Gray Infrastructure Turns To Green
Green infrastructure, the use of vegetation and terrain in lieu of pipes and concrete to minimize the impact of urban development on water resources and ecological systems, holds the most promise for grasses, natives and nativars to coexist in the landscape. Green infrastructure (GI) encompasses storm water management, habitat creation, recreational amenities and beautification, which positions growers well to be a strong supply source in this area, as well as a knowledgeable resource.
“This is the next big market,” says Shannon Currey, marketing director at Hoffman Nursery. “We need to think ahead about how to meet the increased demand for natives and grasses that green infrastructure will bring to the market.”

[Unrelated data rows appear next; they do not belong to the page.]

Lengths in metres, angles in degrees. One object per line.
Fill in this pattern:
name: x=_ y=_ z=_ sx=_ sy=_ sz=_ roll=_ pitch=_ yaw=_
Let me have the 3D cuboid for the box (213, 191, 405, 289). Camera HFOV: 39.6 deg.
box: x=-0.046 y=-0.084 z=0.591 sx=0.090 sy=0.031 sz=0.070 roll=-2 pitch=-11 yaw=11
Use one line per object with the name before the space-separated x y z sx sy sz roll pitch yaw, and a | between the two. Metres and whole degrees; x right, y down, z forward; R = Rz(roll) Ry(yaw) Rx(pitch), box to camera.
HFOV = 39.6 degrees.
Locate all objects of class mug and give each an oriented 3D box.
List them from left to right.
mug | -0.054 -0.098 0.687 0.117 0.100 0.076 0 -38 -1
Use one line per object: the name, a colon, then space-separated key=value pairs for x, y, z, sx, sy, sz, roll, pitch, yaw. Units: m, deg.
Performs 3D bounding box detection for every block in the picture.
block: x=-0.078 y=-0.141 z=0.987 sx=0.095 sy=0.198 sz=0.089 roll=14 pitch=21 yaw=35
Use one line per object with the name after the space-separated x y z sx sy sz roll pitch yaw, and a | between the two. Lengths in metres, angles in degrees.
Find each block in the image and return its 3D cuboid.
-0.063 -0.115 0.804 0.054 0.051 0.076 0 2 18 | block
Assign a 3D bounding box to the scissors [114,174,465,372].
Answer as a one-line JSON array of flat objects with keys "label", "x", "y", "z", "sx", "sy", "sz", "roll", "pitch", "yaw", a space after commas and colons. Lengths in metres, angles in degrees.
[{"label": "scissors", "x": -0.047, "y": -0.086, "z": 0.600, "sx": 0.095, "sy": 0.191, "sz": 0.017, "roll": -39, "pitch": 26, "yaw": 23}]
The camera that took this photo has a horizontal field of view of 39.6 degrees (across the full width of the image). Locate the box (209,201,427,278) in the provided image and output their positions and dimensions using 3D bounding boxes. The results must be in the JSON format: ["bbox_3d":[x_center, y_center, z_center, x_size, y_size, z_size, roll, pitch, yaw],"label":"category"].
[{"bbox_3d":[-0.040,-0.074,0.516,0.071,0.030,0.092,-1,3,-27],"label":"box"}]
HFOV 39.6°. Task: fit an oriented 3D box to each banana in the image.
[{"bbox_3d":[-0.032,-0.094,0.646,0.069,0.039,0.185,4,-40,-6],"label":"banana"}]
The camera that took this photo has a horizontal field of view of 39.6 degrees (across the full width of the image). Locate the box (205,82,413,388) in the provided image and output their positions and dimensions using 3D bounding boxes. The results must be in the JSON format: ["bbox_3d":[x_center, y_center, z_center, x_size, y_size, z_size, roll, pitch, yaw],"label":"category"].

Hoffman Nursery and North Creek Nurseries make concentrated efforts to collaborate and exchange information with those working on GI projects to stay at the forefront of this market. Since the growing criteria and plants needed for GI projects vary, other growers will need to do the same in order to remain relevant in this rapidly growing, highly specialized and competitive marketplace.
“At North Creek, we have an ecological sales department that fosters relationships with municipalities, government agencies and engineering firms to facilitate proper species selection and procure bids,” says Steve Castorani, owner of North Creek Nurseries.
North Creek’s LP50 and LP32 Landscape Plugs product line is ideal for green infrastructure projects because they can be planted directly in-ground for quick establishment and high success rates, Castorani says. The plugs consist of native perennials, grasses, sedges and ferns that are durable enough to tolerate a variety of conditions, all while being resilient in the landscape. One example is Carex emoryi, which works well for built environments and provides wildlife habitat, while remaining tough enough to compete with invasive species.
All-Purpose Grasses And Sedges Provide Crossover In The Landscape
Carex and grasses like panicums, andropogons and schizachyriums, due to their versatility and workhorse potential, are the foundation stones upon which green infrastructure and sustainable landscapes are built.
“Native and non-native grasses provide a lot of ecosystem services,” Gibson says. “They slow storm water, provide wildlife habitat and act as groundcovers. Grasses play an important part in the design, providing mass, movement and seasonal change over time.”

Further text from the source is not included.